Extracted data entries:
⟨

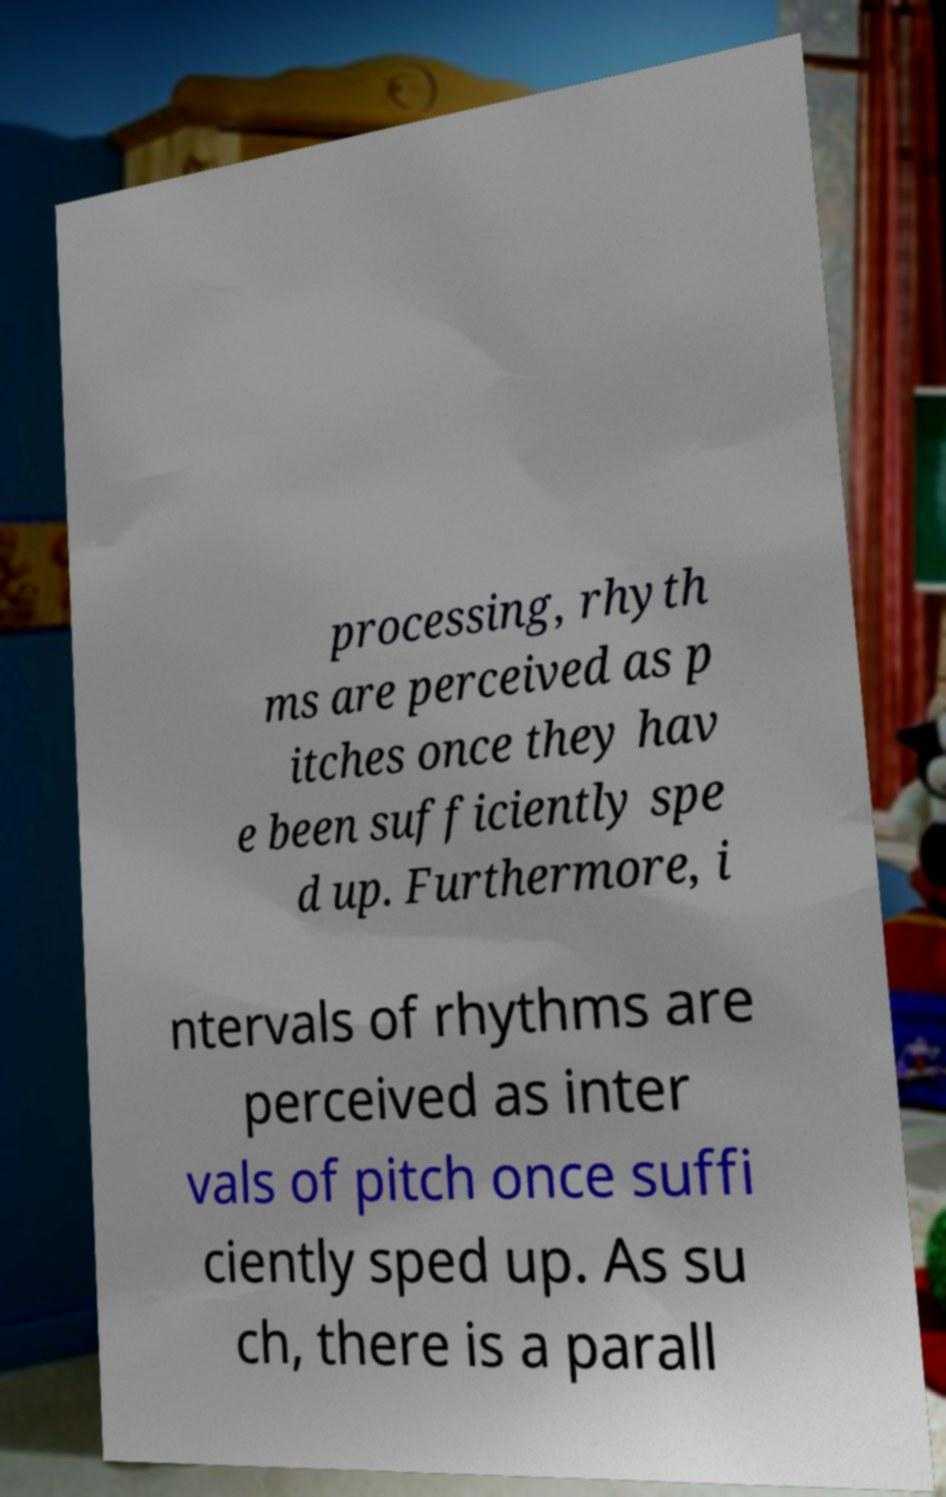Please identify and transcribe the text found in this image. processing, rhyth ms are perceived as p itches once they hav e been sufficiently spe d up. Furthermore, i ntervals of rhythms are perceived as inter vals of pitch once suffi ciently sped up. As su ch, there is a parall 
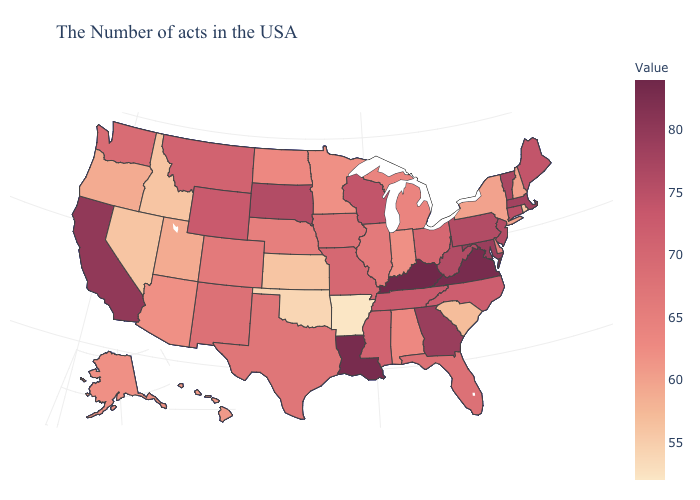Does Kentucky have the highest value in the USA?
Quick response, please. Yes. Which states hav the highest value in the MidWest?
Answer briefly. South Dakota. Is the legend a continuous bar?
Write a very short answer. Yes. Among the states that border North Carolina , which have the lowest value?
Give a very brief answer. South Carolina. Does the map have missing data?
Short answer required. No. 
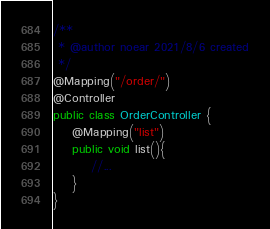Convert code to text. <code><loc_0><loc_0><loc_500><loc_500><_Java_>/**
 * @author noear 2021/8/6 created
 */
@Mapping("/order/")
@Controller
public class OrderController {
    @Mapping("list")
    public void list(){
        //...
    }
}
</code>

⟩

### Exercise description
Set the lines above down again, word for word, from the first through the one containing "public class OrderController"; pictures excluded.

### Response to this task
Please identify and transcribe the text found in this image. processing, rhyth ms are perceived as p itches once they hav e been sufficiently spe d up. Furthermore, i ntervals of rhythms are perceived as inter vals of pitch once suffi ciently sped up. As su ch, there is a parall 
Does Kentucky have the highest value in the USA?
Quick response, please. Yes. Which states hav the highest value in the MidWest?
Answer briefly. South Dakota. Is the legend a continuous bar?
Write a very short answer. Yes. Among the states that border North Carolina , which have the lowest value?
Give a very brief answer. South Carolina. Does the map have missing data?
Short answer required. No. 
Convert code to text. <code><loc_0><loc_0><loc_500><loc_500><_Java_>/**
 * @author noear 2021/8/6 created
 */
@Mapping("/order/")
@Controller
public class OrderController {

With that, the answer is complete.